**WHAT THE TASK REQUIRES**
Report how many lines in the records below hold the word "size". Add nothing to the number.

WORKING DATA START

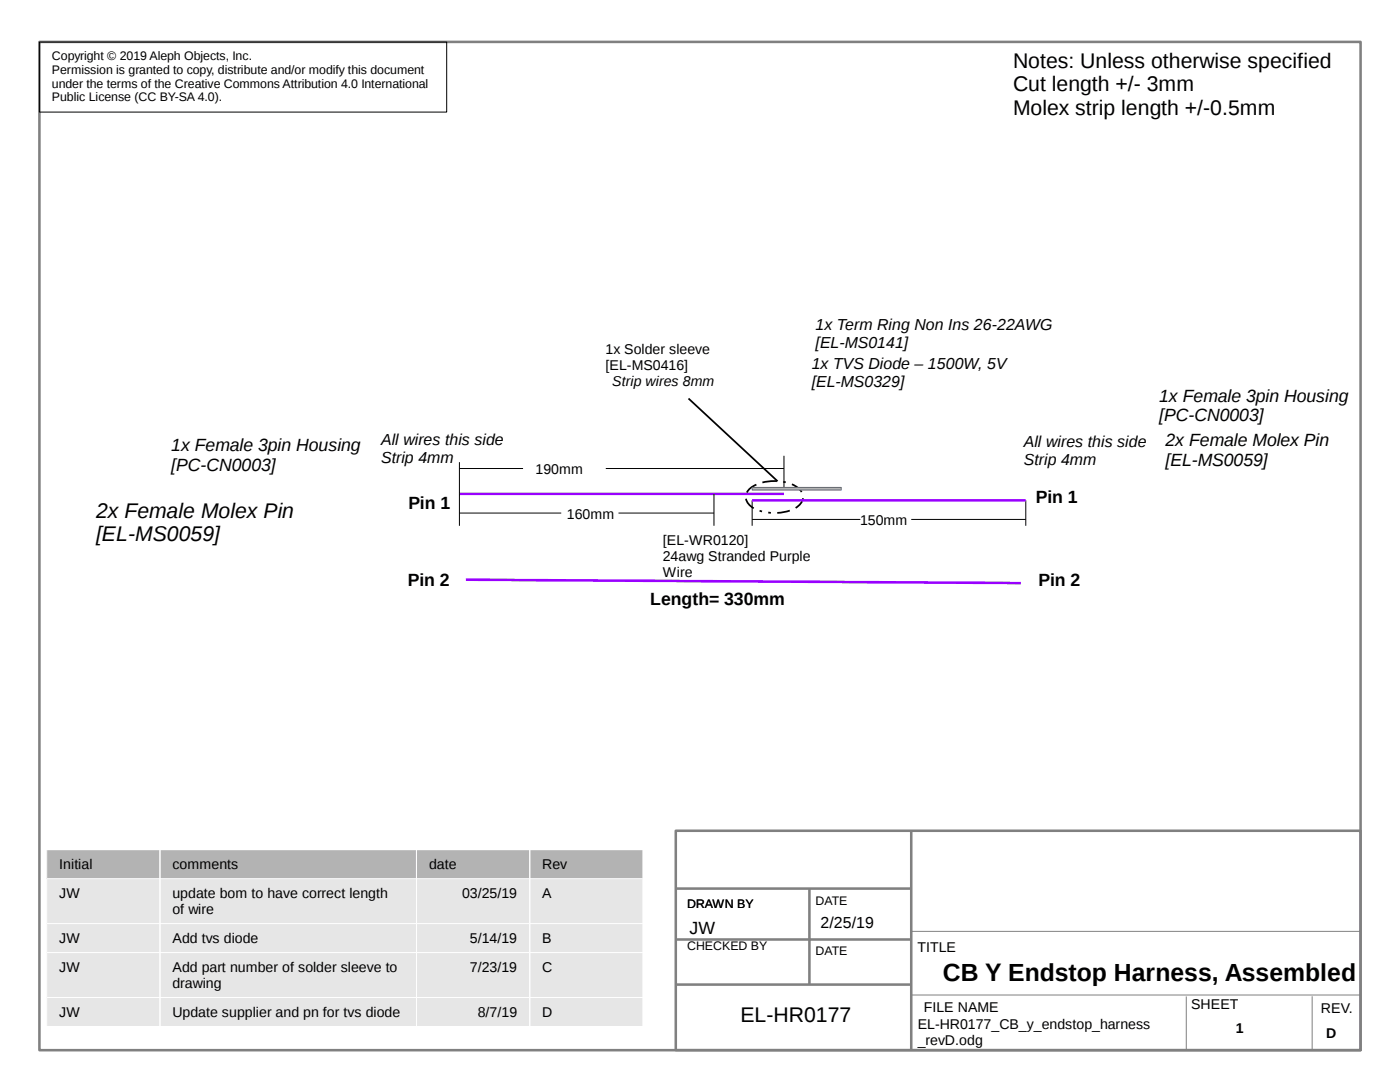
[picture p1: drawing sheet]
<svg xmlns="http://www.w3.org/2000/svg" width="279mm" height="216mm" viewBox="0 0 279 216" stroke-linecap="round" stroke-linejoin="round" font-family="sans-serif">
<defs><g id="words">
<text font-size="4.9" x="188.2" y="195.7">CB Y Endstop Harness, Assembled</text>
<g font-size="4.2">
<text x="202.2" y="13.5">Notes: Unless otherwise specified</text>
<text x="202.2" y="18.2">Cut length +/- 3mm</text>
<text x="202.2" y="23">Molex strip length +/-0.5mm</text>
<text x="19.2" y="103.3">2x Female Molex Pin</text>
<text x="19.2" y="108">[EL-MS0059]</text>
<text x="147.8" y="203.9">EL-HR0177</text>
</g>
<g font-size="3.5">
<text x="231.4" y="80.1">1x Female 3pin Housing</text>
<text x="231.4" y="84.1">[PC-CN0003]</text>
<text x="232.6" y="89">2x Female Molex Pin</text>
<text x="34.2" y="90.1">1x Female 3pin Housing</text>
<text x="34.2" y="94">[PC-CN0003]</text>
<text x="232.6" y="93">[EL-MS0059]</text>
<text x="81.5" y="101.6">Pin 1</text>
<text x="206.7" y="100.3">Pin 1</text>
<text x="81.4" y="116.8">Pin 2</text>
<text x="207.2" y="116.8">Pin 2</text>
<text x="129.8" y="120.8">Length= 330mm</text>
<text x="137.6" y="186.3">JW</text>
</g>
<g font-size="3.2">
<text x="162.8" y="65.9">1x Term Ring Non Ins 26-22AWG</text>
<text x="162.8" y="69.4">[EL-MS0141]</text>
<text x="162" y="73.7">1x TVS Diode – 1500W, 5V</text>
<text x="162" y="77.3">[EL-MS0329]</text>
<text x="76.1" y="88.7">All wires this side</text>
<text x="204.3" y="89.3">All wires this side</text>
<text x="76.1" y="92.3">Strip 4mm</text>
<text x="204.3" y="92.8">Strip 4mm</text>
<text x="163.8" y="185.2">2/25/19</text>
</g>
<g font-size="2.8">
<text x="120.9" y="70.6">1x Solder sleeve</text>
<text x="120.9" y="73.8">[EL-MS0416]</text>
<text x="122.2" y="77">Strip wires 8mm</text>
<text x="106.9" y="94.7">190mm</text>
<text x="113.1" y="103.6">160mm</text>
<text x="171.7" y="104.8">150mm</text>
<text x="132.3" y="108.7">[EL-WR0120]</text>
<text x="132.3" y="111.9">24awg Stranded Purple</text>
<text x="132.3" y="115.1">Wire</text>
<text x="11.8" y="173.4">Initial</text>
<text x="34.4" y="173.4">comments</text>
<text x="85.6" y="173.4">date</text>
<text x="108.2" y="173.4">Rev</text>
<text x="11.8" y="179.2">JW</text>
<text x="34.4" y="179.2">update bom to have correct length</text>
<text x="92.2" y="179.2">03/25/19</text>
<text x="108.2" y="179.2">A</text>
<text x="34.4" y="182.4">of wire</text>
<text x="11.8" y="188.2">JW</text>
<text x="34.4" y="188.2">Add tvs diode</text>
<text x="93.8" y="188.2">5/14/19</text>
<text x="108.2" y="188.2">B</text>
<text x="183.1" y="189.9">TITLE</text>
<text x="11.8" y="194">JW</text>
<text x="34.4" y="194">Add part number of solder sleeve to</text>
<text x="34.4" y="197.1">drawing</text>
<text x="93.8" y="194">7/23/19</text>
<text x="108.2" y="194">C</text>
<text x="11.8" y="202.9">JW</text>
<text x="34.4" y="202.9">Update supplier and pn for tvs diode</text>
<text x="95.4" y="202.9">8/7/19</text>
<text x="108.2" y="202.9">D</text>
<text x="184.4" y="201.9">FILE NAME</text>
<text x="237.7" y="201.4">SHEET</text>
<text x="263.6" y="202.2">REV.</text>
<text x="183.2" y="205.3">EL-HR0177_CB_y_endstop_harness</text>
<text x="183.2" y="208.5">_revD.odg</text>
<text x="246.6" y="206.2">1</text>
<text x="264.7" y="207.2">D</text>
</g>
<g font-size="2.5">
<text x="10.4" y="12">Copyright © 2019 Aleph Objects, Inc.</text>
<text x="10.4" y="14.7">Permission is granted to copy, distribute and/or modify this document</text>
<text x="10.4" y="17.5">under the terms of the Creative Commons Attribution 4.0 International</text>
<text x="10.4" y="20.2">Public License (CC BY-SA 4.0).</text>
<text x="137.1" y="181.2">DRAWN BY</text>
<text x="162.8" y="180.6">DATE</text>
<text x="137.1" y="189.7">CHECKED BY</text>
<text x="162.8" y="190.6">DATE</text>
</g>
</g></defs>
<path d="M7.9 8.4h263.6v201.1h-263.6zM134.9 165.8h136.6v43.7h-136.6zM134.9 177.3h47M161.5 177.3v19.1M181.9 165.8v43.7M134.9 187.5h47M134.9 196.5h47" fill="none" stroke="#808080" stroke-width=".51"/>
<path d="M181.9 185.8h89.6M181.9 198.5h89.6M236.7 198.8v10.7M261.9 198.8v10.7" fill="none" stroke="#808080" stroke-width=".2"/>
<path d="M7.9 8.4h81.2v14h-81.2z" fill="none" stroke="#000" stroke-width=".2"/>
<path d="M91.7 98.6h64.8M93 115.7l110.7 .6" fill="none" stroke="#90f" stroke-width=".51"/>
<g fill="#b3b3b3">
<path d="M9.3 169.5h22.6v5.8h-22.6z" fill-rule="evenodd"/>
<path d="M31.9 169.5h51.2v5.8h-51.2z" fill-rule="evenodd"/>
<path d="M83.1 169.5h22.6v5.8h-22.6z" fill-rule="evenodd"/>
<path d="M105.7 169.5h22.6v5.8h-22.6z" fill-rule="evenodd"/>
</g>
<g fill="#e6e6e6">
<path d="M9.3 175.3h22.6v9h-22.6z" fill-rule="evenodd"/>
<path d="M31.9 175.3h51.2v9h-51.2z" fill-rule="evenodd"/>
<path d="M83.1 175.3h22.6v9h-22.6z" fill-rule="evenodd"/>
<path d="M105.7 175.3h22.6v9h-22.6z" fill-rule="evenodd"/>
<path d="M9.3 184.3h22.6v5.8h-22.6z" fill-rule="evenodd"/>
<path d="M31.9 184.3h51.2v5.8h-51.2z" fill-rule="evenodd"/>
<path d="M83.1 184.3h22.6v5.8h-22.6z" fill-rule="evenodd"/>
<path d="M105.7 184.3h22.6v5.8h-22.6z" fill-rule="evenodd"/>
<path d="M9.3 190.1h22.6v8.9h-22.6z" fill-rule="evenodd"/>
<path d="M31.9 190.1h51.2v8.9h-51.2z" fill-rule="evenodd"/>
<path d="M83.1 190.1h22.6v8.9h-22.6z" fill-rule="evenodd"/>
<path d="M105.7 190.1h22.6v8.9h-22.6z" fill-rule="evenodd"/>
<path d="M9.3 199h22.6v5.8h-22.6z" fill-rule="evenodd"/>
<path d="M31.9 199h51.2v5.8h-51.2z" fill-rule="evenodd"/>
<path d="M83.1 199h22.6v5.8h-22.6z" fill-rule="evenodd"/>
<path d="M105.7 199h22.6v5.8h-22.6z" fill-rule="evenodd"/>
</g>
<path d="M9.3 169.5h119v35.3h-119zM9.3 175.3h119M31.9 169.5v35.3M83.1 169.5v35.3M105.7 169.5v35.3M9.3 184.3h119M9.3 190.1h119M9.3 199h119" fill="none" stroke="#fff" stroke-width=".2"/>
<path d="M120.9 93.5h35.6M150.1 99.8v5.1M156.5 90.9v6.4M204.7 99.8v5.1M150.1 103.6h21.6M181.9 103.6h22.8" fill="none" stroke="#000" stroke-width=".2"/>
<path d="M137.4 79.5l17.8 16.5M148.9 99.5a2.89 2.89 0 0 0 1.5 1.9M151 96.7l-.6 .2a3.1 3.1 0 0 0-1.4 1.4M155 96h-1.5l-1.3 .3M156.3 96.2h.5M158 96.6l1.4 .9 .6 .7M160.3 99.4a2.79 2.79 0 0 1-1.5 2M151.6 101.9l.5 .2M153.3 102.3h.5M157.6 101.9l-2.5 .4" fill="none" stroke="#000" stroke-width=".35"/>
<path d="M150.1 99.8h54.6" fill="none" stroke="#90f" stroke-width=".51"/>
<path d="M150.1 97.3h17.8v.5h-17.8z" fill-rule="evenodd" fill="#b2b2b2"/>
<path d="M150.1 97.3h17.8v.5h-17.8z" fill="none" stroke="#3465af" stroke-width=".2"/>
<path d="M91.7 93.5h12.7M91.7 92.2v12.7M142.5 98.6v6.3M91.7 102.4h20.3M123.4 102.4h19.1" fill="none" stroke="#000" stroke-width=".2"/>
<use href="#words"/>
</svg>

WORKING DATA END

**YOUR SOLUTION**
6